Importantly—this will be important for our shared democratic institutions—the people have to be able to appreciate what those terms are. To go back to the point made by the noble Lord, Lord Adonis, we cannot bounce the public of the United Kingdom, Northern Ireland or anywhere else into some sort of deal that does not stand the test of close scrutiny shining the sharpest possible light on it. The trade that passes east-west and the trade that passes north-south are absolutely integral, and it is upon those foundations that we find ourselves able to build that peace dividend. With that economic certainty, we can deliver an outcome for the people of Northern Ireland.
It is correct to say that the voices of politicians in Northern Ireland have not been heard as they should have been in the Brexit discussions. We understand the reasons for that, shameful though some of them may be. The Northern Ireland Civil Service has played a significant role in ensuring continued dialogue, but that is not how it should be. That is not what is meant to be happening; I cannot stress that enough. The key aspect over the next few weeks, during the window that will be opened by the Secretary of State for Northern Ireland to give the final impetus to ongoing discussions there, will be delivering an Executive. It is not too late to do that. I hope everyone here will join me in hoping that we will secure an outcome that delivers an Executive in good enough time to be part of the final stages of the Brexit deliberations and discussions.

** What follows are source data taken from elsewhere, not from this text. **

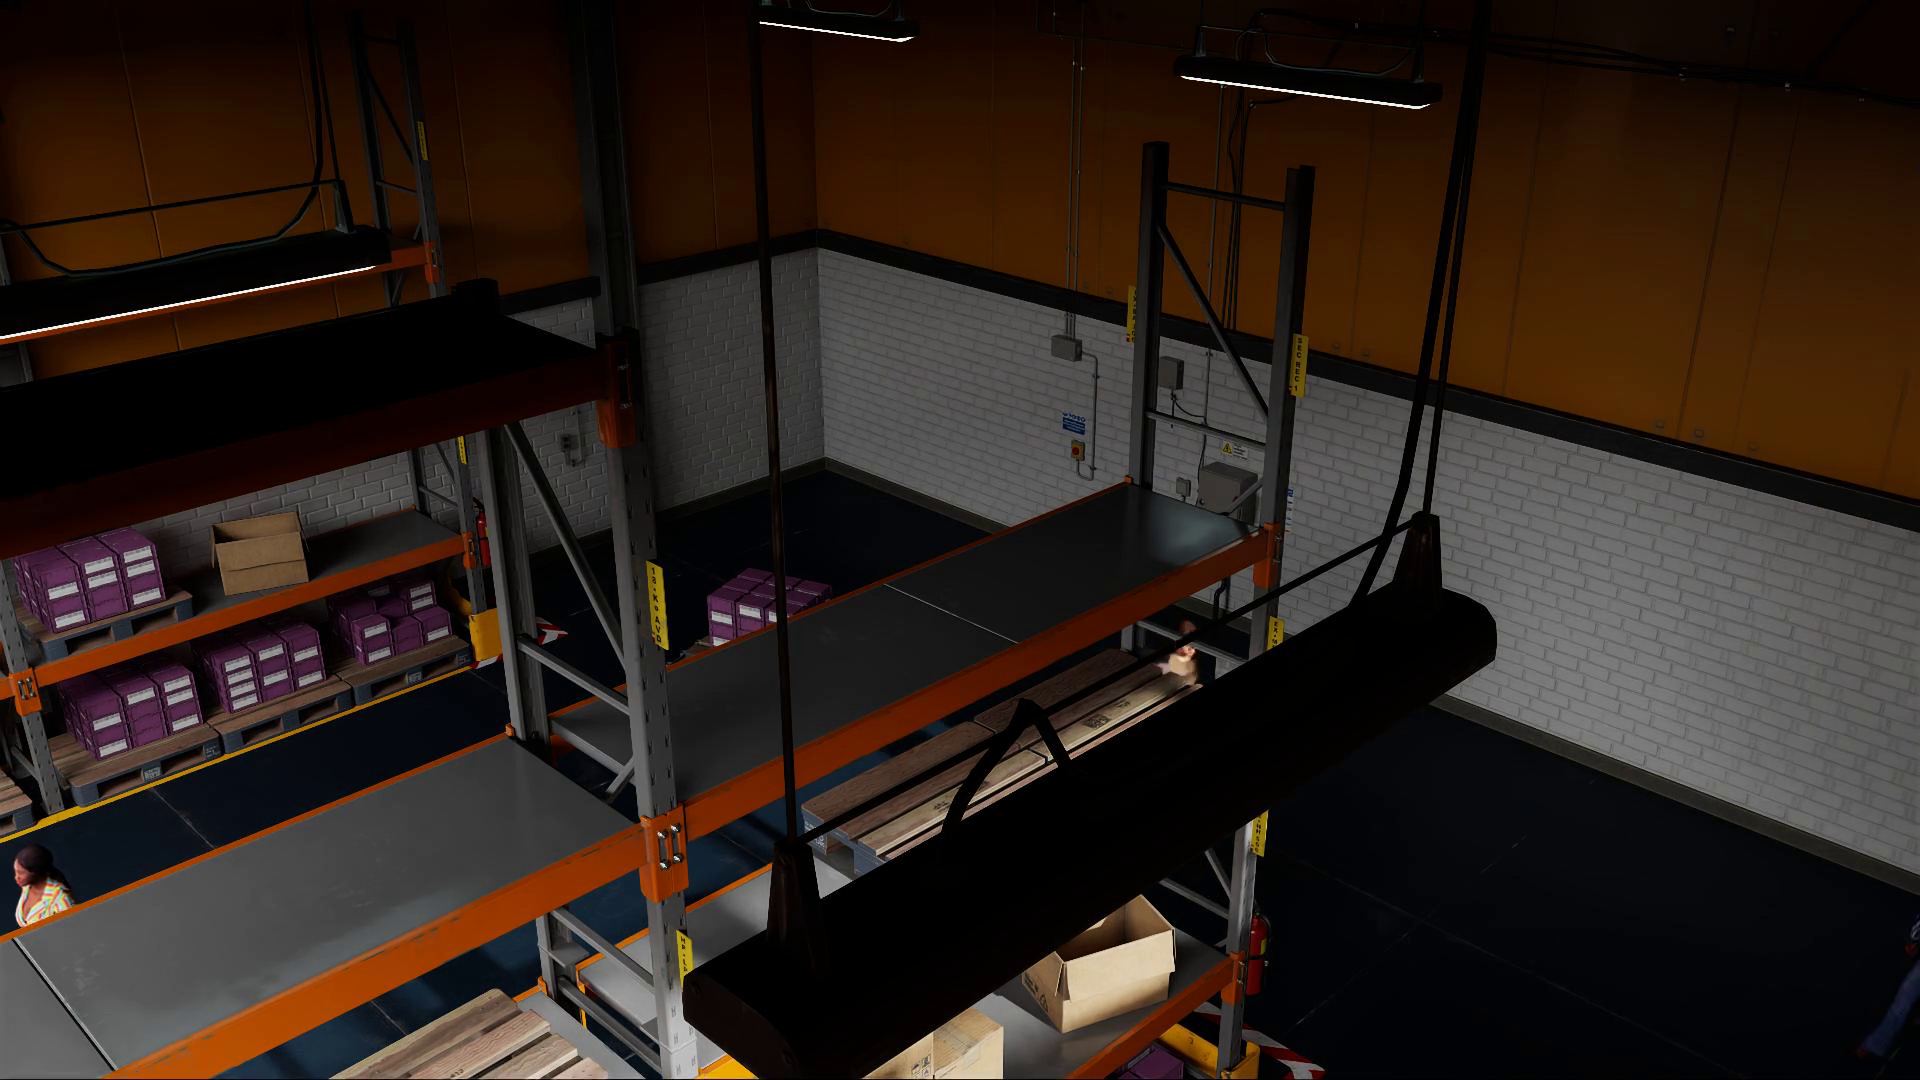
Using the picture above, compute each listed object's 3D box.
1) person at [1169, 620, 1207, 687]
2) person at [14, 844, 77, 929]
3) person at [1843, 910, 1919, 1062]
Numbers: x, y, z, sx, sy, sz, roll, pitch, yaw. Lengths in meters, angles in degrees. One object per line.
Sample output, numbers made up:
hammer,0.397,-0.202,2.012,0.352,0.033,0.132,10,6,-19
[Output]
person,1.657,1.414,13.457,1.252,1.805,0.946,-18,29,-35
person,-5.683,2.691,10.556,0.670,1.791,0.653,11,26,23
person,6.372,2.675,10.641,1.148,1.750,1.171,3,24,8

It will not be an easy journey. I suspect that all those who have said, sometimes erroneously, that this was always going to be easy may have been slightly exaggerated in their assertion. The reality remains that this is a challenging time; it was always going to be so, frankly, because these are negotiations on such critical aspects. The EU is defining itself without the UK and the UK is defining itself outside the EU. This is the moment of maximum turbulence, as often happens just before landing on a runway. Now, the key is making sure that we land with all wheels on the runway, taxiing to a gentle stop out of which emerges a safe and secure Brexit—one that is good for Northern Ireland, Ireland and the people of the United Kingdom and which allows us the foundation to develop an important relationship, building on the one we have had for the past 40 years, with the rest of the EU. That is our ambition and where I hope we will be, but we are at the end-point of the negotiations. We may still be heading towards the runway, but the rubber has not yet met the tarmac.